The decision of the trial Judge is impeccable. The Court of Appeal was wrong to interfere with it.

A. O. OBASEKI, J.S.C.: On the 26th day of March, 1985, after hearing counsel for the parties, I allowed this appeal with costs to the appellant assessed at N300.00 in the Supreme Court and N250.00 in the Court of Appeal against the respondents.

  1. Adibe Nwankwo
  2. Obioha Anasonye; and
  3. Nwamadi Onyeike were the plaintiffs

and

  1. Okoronkwo Chukwueke;
  2. Okezie Chukwueke

were defendants in the Umuahia High Court suit No. HU/53/66 in which the plaintiffs by their writ of summons claimed

  1. A declaration that the piece or parcel of land known and called “Ubi Oro” valued 10pounds (ten pounds) situate at Uzuakoli in Umuahia Judicial Division is owned jointly by both the plaintiffs and the defendants and that the defendants have no rights by themselves alone without the consent, agreement and participation of the plaintiffs to demarcate, sell, lease or give out all or any portion of the said “Ubi Oro”.
  2. 50pounds:-:- damages against the defendants jointly and severally for demarcating and planting cement pillars on the said land without the consent, agreement and participation of the plaintiffs.
  3. A perpetual injunction to restrain the defendants and their heirs from any sale, lease, gift or demarcation of all or any portion of the said “Ubi Oro” without the consent, agreement or participation of the plaintiffs.

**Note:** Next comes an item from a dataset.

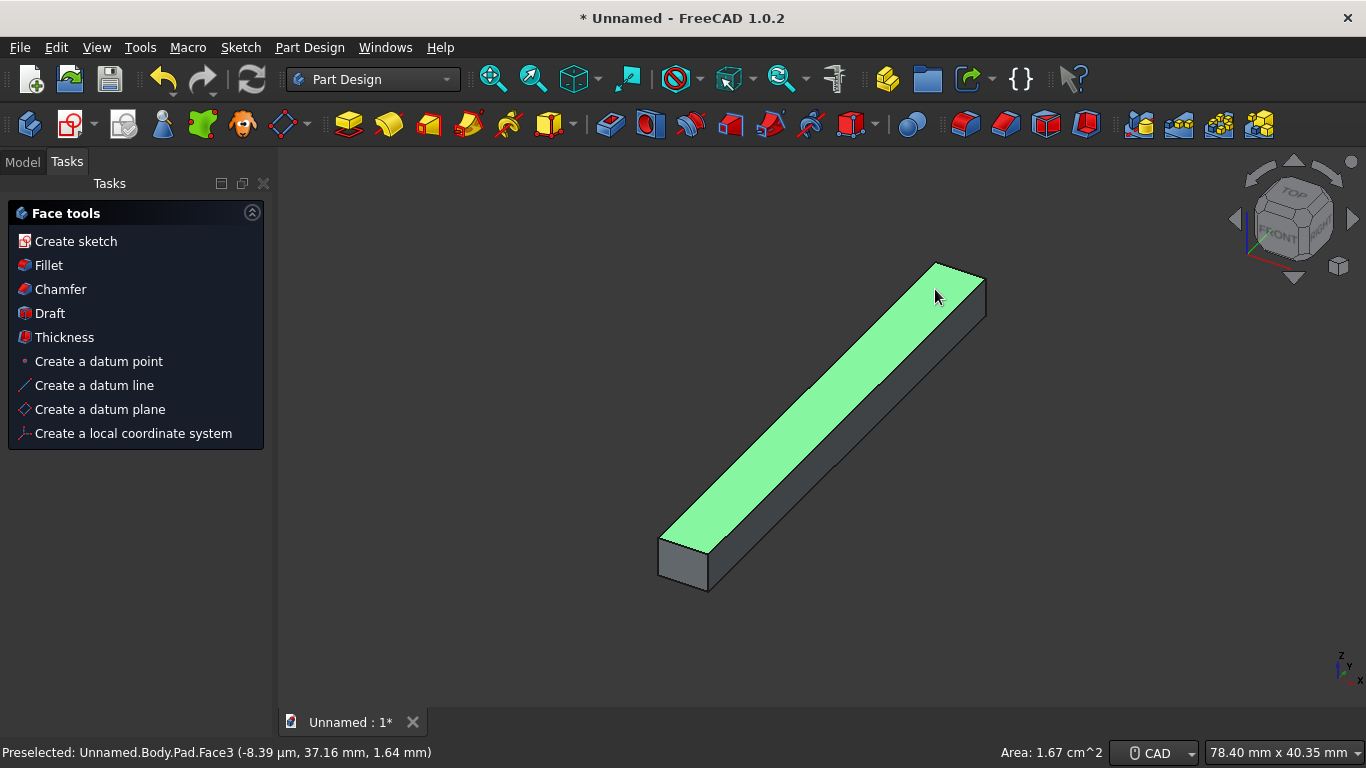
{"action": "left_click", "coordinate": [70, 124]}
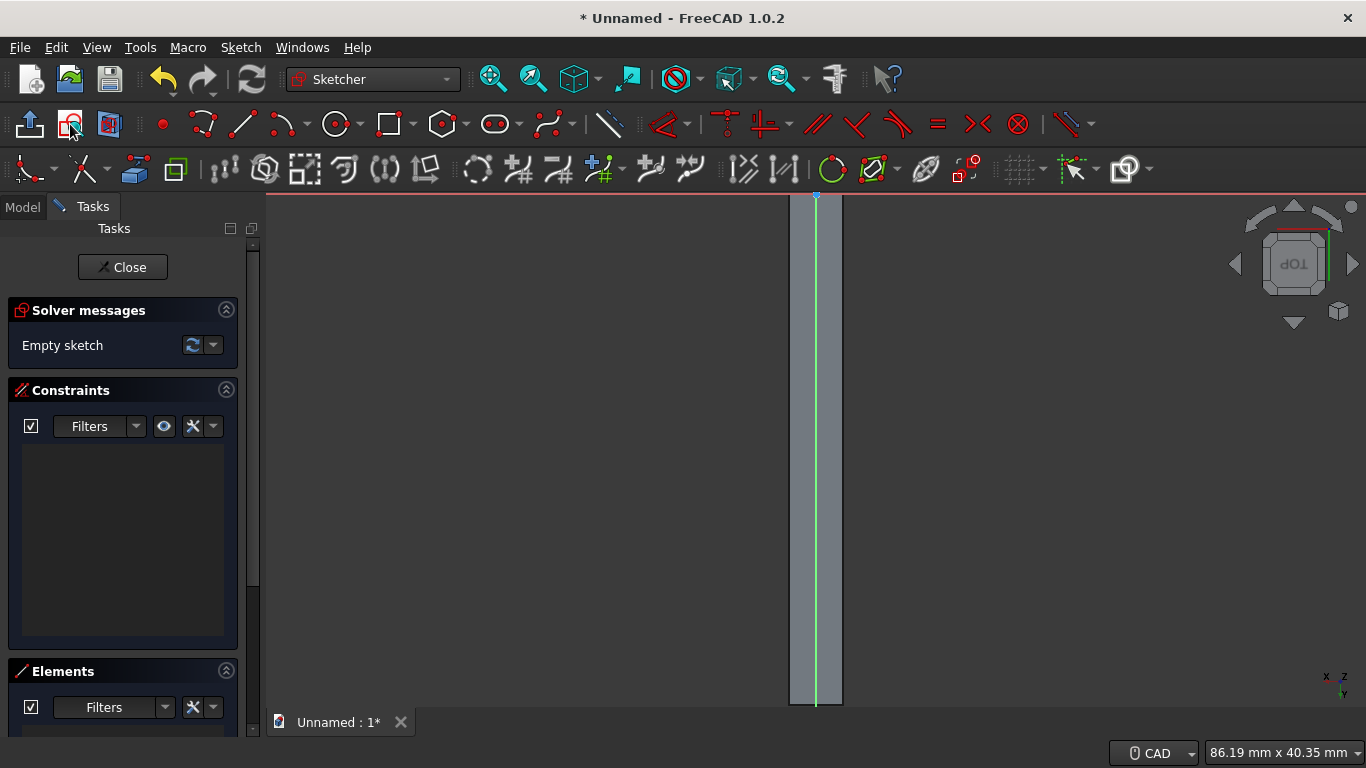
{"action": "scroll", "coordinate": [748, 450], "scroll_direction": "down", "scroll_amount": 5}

The writ was issued on the 13th day of Angust, 1966. But before the trial leading to this appeal both defendants died. The 1st defendant died on the 13th day of September, 1974while the 2nd defendant died on a later date.

Following the application of Enyinnaya Okoronkwo Chukwueke the son of the 1st defendant by motion dated 22nd February, 1975 filed on 24th February, 1975, Obi Okoye, J. on the 11th day of April, 1975 made an order at the Okigwe High Court substituting the appellant, Enyinnaya Okoronkwo Chukwueke as the only defendant but in a representative capacity.

The 1st plaintiff, Adibe Nwankwo died on the 12th day of October, 1975 and by Court order made by Obi-Okoye, J. on 23rd February, 1976, Oji Nwankwo was substituted for him.

The plaintiffs had filed their statement of claim on the 23rd day of January, 1967. On the 27th May, 1975, the defendant/appellant filed an amended statement of defence. After the close of pleadings, hearing commenced on the 14th day of April, 1978 before Ononuju, J. After hearing evidence and addresses of counsel Ononuju, J. on the 5th day of May, 1979 gave a well considered judgment dismissing the plaintiff’s claim. In the concluding paragraphs of his judgment he said:

“I find myself unable to believe the plaintiffs and their witnesses looking at the plan tendered in this case and considering the evidence before the court……On the totality of the evidence before me, I hold that the plaintiffs have not proved their case. There is no counter-claim. I therefore dismiss the plaintiffs’ claim.”

Being aggrieved, the plaintiffs appealed to the Court of Appeal on several grounds 14 in all. The Court of Appeal in a considered judgment allowed the appeal, set aside the judgment of the High Court and granted the declarations and injunction claimed.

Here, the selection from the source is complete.